Monday, January 31, 2011

Well that was fun trying to start a new post.

But thanks to my wonderful daughter who has the patience off Jobb with me most times.

Just got a call from dad. I am so glad that I still have him as I miss mom so much and it is so hard without her. I miss calling her and getting all the gossip and just remembering all the old times.

We have had lots off great times with mom over the years before she got sick and really before I got sick. We would go for a weekend trip once a year to see the girls down south off the province.Those were great times.The drive down was just as great as the visit.Boy I miss those times.
We tried the trip once before she passed and it was good but a little more stressful, but I am glad we went.We did go last year with just the girls but it was not quite the same without mom.We stayed at my sister's Cindys and she is the best hostess in the world.I had to get Lori to drive as I can't drive anymore. Another loss from the MS not being able to drive anymore.

I remember just before she passed I was wondering how I was going to be without her. She has been there for me when I was feeling alone and she was there for me to call. I think she knew that I needed someone to talk to about being left behind with no one to talk to because off my sisters who I talk with are busy with their lives and they have a lot on their plates with their families.

When I was first dignosed they were all there for me and everyone wanted to be there to help if I needed something.
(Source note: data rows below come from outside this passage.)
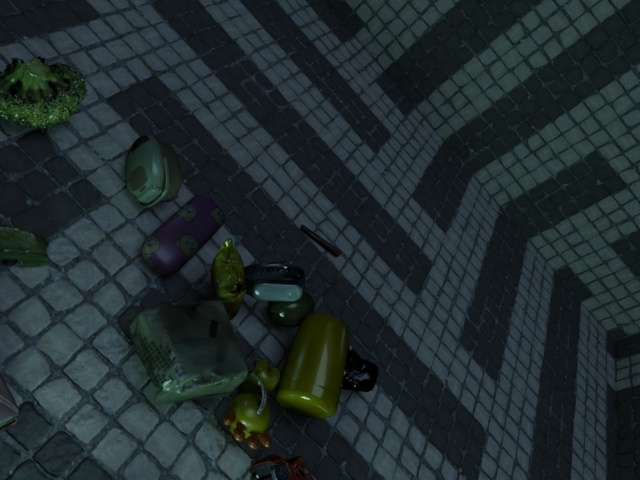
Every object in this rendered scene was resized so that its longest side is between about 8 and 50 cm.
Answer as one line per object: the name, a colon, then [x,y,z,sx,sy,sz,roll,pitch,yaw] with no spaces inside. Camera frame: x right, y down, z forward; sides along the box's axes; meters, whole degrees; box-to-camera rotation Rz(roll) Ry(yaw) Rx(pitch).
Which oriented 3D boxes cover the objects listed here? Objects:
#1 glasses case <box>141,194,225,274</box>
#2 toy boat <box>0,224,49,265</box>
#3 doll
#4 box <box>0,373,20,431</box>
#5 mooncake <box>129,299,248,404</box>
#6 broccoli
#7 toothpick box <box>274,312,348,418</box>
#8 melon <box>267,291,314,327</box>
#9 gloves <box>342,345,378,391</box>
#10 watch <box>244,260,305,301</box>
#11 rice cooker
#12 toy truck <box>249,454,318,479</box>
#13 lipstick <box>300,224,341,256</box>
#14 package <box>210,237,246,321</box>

I have been dignosed for must be ten years or more now and as time goes on people forget that I am still with this decease and I still have a lot off these feelings off being alone.I really don't want people to know how I feel about all this and that is why I wanted to do this blog. Just to have a place to write what I want to write.I just wanted a place to put my thoughts down and I think I am going to like this.

Till next time

Sunday, January 30, 2011

Excited

Just wanted to see if I could do this sort off thing. I have no idea what I am doing but feel like I would like to put some off my thoughts out there and see where it takes me.
This is all new so I won't be doing too much off it or maybe I will, we will see.
So lets see what my thoughts are today. Today is a really pretty good day with being able to go upstairs in my home to get the spare room ready for out new Chinese student coming next month.It feels great that I was able to to that and now I will be going to make supper. For my family this is big as they know that I can't do too much in one day with the MS.I am not complaining about the MS as I have been living with it since 1999 and have learned to accept it.I am just limited as to how much I can do and know those limits.
Today is a great day and it is great to be alivc.